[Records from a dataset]
============================================================
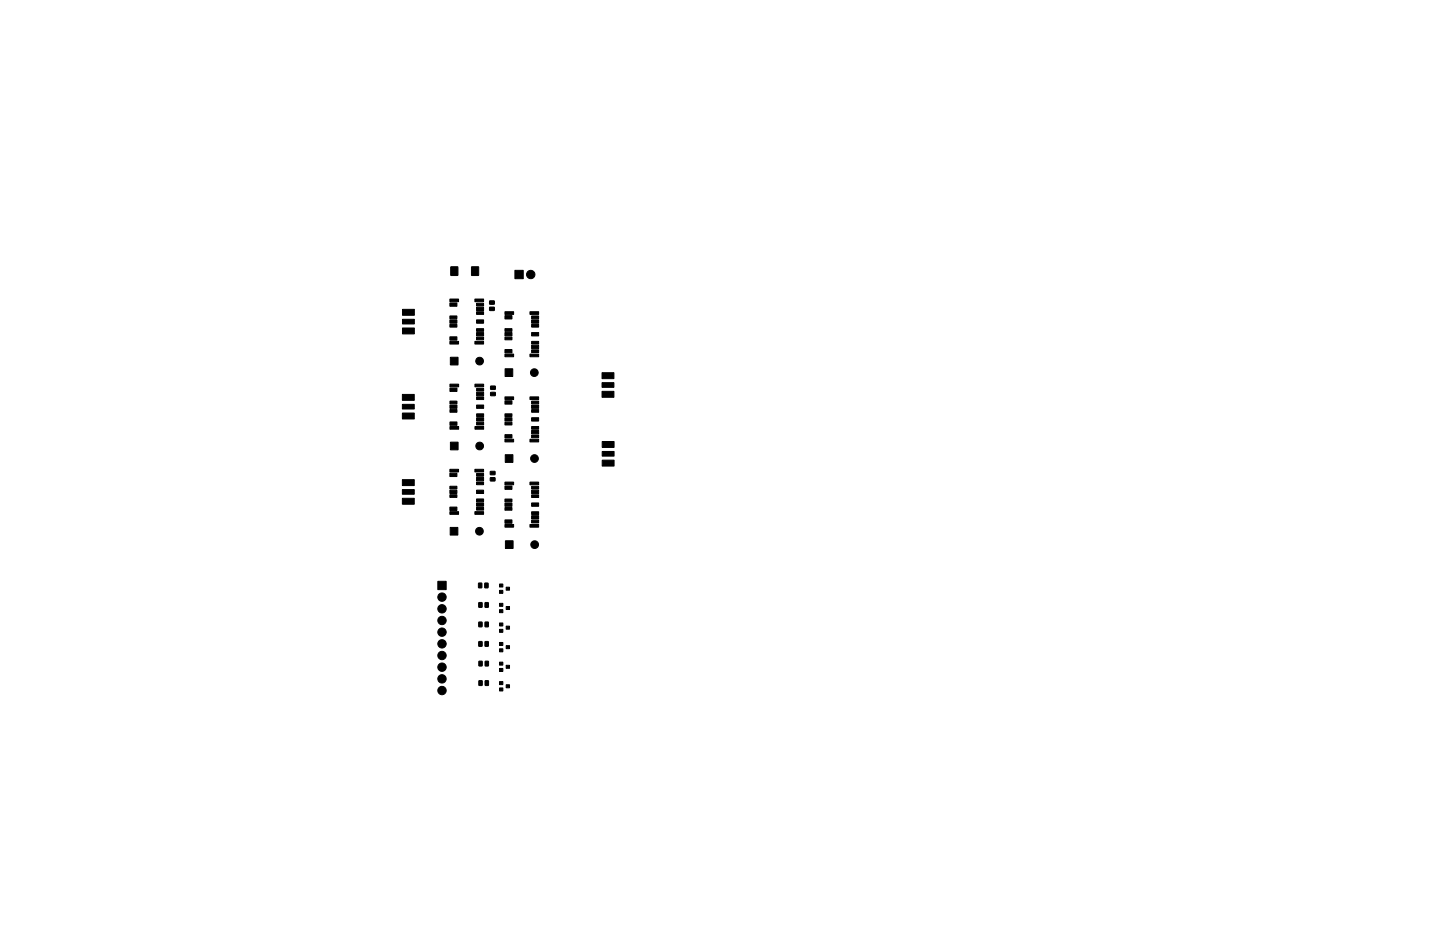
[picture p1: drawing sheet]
<svg xmlns="http://www.w3.org/2000/svg" width="432mm" height="279mm" viewBox="0 0 432 279" stroke-linecap="round" stroke-linejoin="round" font-family="sans-serif">
<g fill="#000" stroke="#000" stroke-width=".3">
<path d="M135.2 80h2.1l-.1 2.6-2-.1zM141.4 80h2.1v2.6l-2.1-.1zM120.7 92.7h3.5v1.8h-3.5zM120.7 98.3h3.5v1.8h-3.5zM120.7 95.7h3.5v1.4h-3.5zM134.9 97.3h2.1v.8h-2.1zM134.9 95.9h2.1v1h-2.1zM134.9 94.7h2.1v.8h-2.1zM134.9 90.8h2.1v1h-2.1zM134.9 89.6h2.6v.8h-2.6zM142.9 98.5h2.1v.8h-2.1zM142.9 95.9h2.1v1h-2.1z"/>
<path d="M142.9 93.5h2.1v.8h-2.1zM142.9 92.1h2.1v1h-2.1zM142.9 90.9h2.1v.8h-2.1zM142.4 89.6h2.6v.8h-2.6zM146.8 92.1h1.4v.9l-1.3 .1zM146.8 90.2h1.4v1h-1.3zM151.4 98.5h2.1v.8h-2.1zM151.4 94.6h2.1v1h-2.1zM151.4 93.5h2.6v.8h-2.6zM154.4 81h2.5v2.5h-2.5zM159.4 97.3h2.1v.8h-2.1zM159.4 95.9h2.1v1h-2.1z"/>
<path d="M159.4 94.7h2.1v.8h-2.1zM158.9 93.5h2.6v.8h-2.6zM120.7 118.2h3.5v1.8h-3.5zM134.9 101h2.1v1h-2.1zM134.9 116.3h2.1v1h-2.1zM135 107.1h2.3v2.3h-2.3zM134.9 102.3h2.6v.8h-2.6zM134.9 115.2h2.6v.8h-2.6zM142.4 102.3h2.6v.8h-2.6zM142.9 101.1h2.1v.8h-2.1zM142.9 99.7h2.1v1h-2.1zM142.9 119h2.1v.8h-2.1z"/>
<path d="M142.9 117.6h2.1v1h-2.1zM142.9 116.4h2.1v.8h-2.1zM142.4 115.2h2.6v.8h-2.6zM147.1 117.6h1.4v1h-1.3zM147.1 115.8l1.4-.1v1h-1.3zM151.4 104.8h2.1v1h-2.1zM151.4 101.1h2.1v.8h-2.1zM151.4 99.7h2.1v1h-2.1zM151.5 110.6h2.3v2.3h-2.3zM151.4 119h2.6v.8h-2.6zM151.4 106.2h2.6v.8h-2.6zM158.9 119h2.6v.8h-2.6z"/>
<path d="M158.9 106.2h2.6v.8h-2.6zM159.4 104.9h2.1v.8h-2.1zM159.4 103.5h2.1v1h-2.1zM159.4 102.3h2.1v.8h-2.1zM159.4 99.7h2.1v1h-2.1zM180.5 114.7h3.6v1.4h-3.6zM180.5 111.7h3.6v1.8h-3.6zM180.5 117.3h3.6v1.8h-3.6zM120.7 121.2h3.5v1.4h-3.5zM120.7 123.8h3.5v1.8h-3.5zM134.9 126.5h2.1v1h-2.1zM134.9 122.8h2.1v.8h-2.1z"/>
<path d="M134.9 121.4h2.1v1h-2.1zM134.9 120.2h2.1v.9h-2.1zM135.1 132.6h2.3v2.3h-2.3zM134.9 127.9h2.6v.8h-2.6zM142.4 127.9h2.6v.8h-2.6zM142.9 126.6h2.1v.8h-2.1zM142.9 125.2h2.1v1h-2.1zM142.9 124.1h2.1v.8h-2.1zM142.9 121.4h2.1v1h-2.1zM151.4 130.3h2.1v1h-2.1zM151.4 126.6h2.1v.8h-2.1zM151.4 125.2h2.1v1h-2.1z"/>
<path d="M151.4 124.1h2.1v.8h-2.1zM151.4 120.1h2.1v1.1h-2.1zM151.5 136.3h2.3v2.3h-2.3zM151.4 131.7h2.6v.8h-2.6zM158.9 131.7h2.6v.8h-2.6zM159.4 130.4h2.1v.8h-2.1zM159.4 129h2.1v1h-2.1zM159.4 127.9h2.1v.8h-2.1zM159.4 125.2h2.1v1h-2.1zM159.4 122.8h2.1v.8h-2.1zM159.4 121.4h2.1v1h-2.1zM159.4 120.2h2.1v.9h-2.1z"/>
<path d="M180.6 137.9h3.5v1.8h-3.5zM180.6 132.4h3.5v1.7h-3.5zM180.6 135.3h3.5v1.4h-3.5zM120.7 143.8h3.5v1.8h-3.5zM120.7 149.4h3.5v1.8h-3.5zM120.7 146.8h3.5v1.4h-3.5zM134.9 152h2.1v1h-2.1zM134.9 148.3h2.1v.8h-2.1zM134.9 146.9h2.1v1h-2.1zM134.9 145.8h2.1v.8h-2.1zM134.9 141.9h2.1v1h-2.1zM134.9 153.4h2.6v.8h-2.6z"/>
<path d="M134.9 140.7h2.6v.8h-2.6zM142.4 153.4h2.6v.8h-2.6zM142.9 152.1h2.1v.8h-2.1zM142.9 150.8h2.1v1h-2.1zM142.9 149.6h2.1v.8h-2.1zM142.9 146.9h2.1v1h-2.1zM142.9 144.5h2.1v.8h-2.1zM142.9 143.1h2.1v1h-2.1zM142.9 142h2.1v.8h-2.1zM142.4 140.7h2.6v.8h-2.6zM147 143.2h1.4v.9l-1.3 .1zM147 141.3h1.4v1h-1.3z"/>
<path d="M151.4 155.9h2.1v1h-2.1zM151.4 152.2h2.1v.8h-2.1zM151.4 150.8h2.1v1h-2.1zM151.4 149.6h2.1v.8h-2.1zM151.4 145.7h2.1v1h-2.1zM151.4 157.2h2.6v.8h-2.6zM151.4 144.5h2.6v.8h-2.6zM158.9 157.2h2.6v.8h-2.6zM159.4 156h2.1v.8h-2.1zM159.4 154.6h2.1v1h-2.1zM159.4 153.4h2.1v.8h-2.1zM159.4 150.8h2.1v1h-2.1z"/>
<path d="M159.4 148.3h2.1v.8h-2.1zM159.4 147h2.1v1h-2.1zM159.4 145.8h2.1v.8h-2.1zM158.9 144.5h2.6v.8h-2.6zM131.3 174.3h2.5v2.5h-2.5zM135 158.1h2.3v2.3h-2.3zM143.5 174.8l1 .1-.1 1.3h-.9zM145.4 174.8l1 .1-.1 1.3h-.9zM149.8 177h1v.9h-1zM149.8 175.1h1v.9h-1zM151.8 176h1v.9h-1zM151.6 162.1h2.3v2.3h-2.3z"/>
<path d="M143.6 192.3l1 .1-.1 1.4-.9-.1zM143.6 186.5h1l-.1 1.4h-.9zM143.6 180.7h1l-.1 1.4-.9-.1zM143.6 198.2l1 .1-.1 1.3h-.9zM145.5 192.3l.9 .1v1.4l-1-.1zM145.5 186.5h.9v1.4h-1zM145.5 180.7h.9v1.4l-1-.1zM145.5 198.2l1 .1-.1 1.3h-.9zM149.8 198.5h1v.9h-1zM149.8 194.5h1v.9h-1zM149.8 192.6h1v.9h-1zM149.8 188.7h1v.9h-1z"/>
<path d="M149.8 186.8h1v.9h-1zM149.8 182.8h1v.9h-1zM149.8 180.9h1v.9h-1zM151.8 193.6h1v.9h-1zM151.8 187.7h1v.9h-1zM151.8 181.8h1v.9h-1zM143.6 204.1h1l-.1 1.4-.9-.1zM145.5 204.1h1l-.1 1.4-.9-.1zM149.8 206.2h1v.9h-1zM149.8 204.3h1v.9h-1zM149.8 200.4h1v.9h-1zM151.8 205.3h1v.9h-1z"/>
<path d="M151.8 199.4h1v.9h-1z"/>
<circle cx="122.2" cy="93.6" r=".37"/>
<circle cx="122.3" cy="96.4" r=".37"/>
<circle cx="122.3" cy="99.2" r=".37"/>
<circle cx="159.2" cy="82.3" r="1.26"/>
<circle cx="122.2" cy="119.1" r=".37"/>
<circle cx="143.8" cy="108.3" r="1.16"/>
<circle cx="160.2" cy="111.7" r="1.16"/>
<circle cx="182.4" cy="112.6" r=".37"/>
<circle cx="182.5" cy="115.4" r=".37"/>
<circle cx="182.6" cy="118.2" r=".37"/>
<circle cx="122.3" cy="121.9" r=".37"/>
<circle cx="122.3" cy="124.7" r=".37"/>
<circle cx="143.8" cy="133.7" r="1.16"/>
<circle cx="160.3" cy="137.5" r="1.15"/>
<circle cx="182.5" cy="133.2" r=".37"/>
<circle cx="182.5" cy="136" r=".37"/>
<circle cx="182.6" cy="138.8" r=".37"/>
<circle cx="122.2" cy="144.7" r=".37"/>
<circle cx="122.3" cy="147.5" r=".37"/>
<circle cx="122.3" cy="150.3" r=".37"/>
<circle cx="143.8" cy="159.3" r="1.16"/>
<circle cx="132.5" cy="179" r="1.26"/>
<circle cx="160.3" cy="163.3" r="1.16"/>
<circle cx="132.5" cy="193" r="1.26"/>
<circle cx="132.5" cy="182.5" r="1.26"/>
<circle cx="132.5" cy="196.5" r="1.26"/>
<circle cx="132.5" cy="189.5" r="1.26"/>
<circle cx="132.5" cy="186" r="1.26"/>
<circle cx="132.5" cy="200" r="1.26"/>
<circle cx="132.5" cy="207" r="1.26"/>
<circle cx="132.5" cy="203.5" r="1.26"/>
</g>
</svg>
============================================================
WHAT IS NEEDED - Give back an exact repeat of the lines from the top of the data through the line that holds "80h2.1l-.1 2.6-2-.1zM141.4 80h2.1v2.6l-2.1-.1zM120.7", both included, and omit pictures.

REPLY -
[picture p1: drawing sheet]
<svg xmlns="http://www.w3.org/2000/svg" width="432mm" height="279mm" viewBox="0 0 432 279" stroke-linecap="round" stroke-linejoin="round" font-family="sans-serif">
<g fill="#000" stroke="#000" stroke-width=".3">
<path d="M135.2 80h2.1l-.1 2.6-2-.1zM141.4 80h2.1v2.6l-2.1-.1zM120.7 92.7h3.5v1.8h-3.5zM120.7 98.3h3.5v1.8h-3.5zM120.7 95.7h3.5v1.4h-3.5zM134.9 97.3h2.1v.8h-2.1zM134.9 95.9h2.1v1h-2.1zM134.9 94.7h2.1v.8h-2.1zM134.9 90.8h2.1v1h-2.1zM134.9 89.6h2.6v.8h-2.6zM142.9 98.5h2.1v.8h-2.1zM142.9 95.9h2.1v1h-2.1z"/>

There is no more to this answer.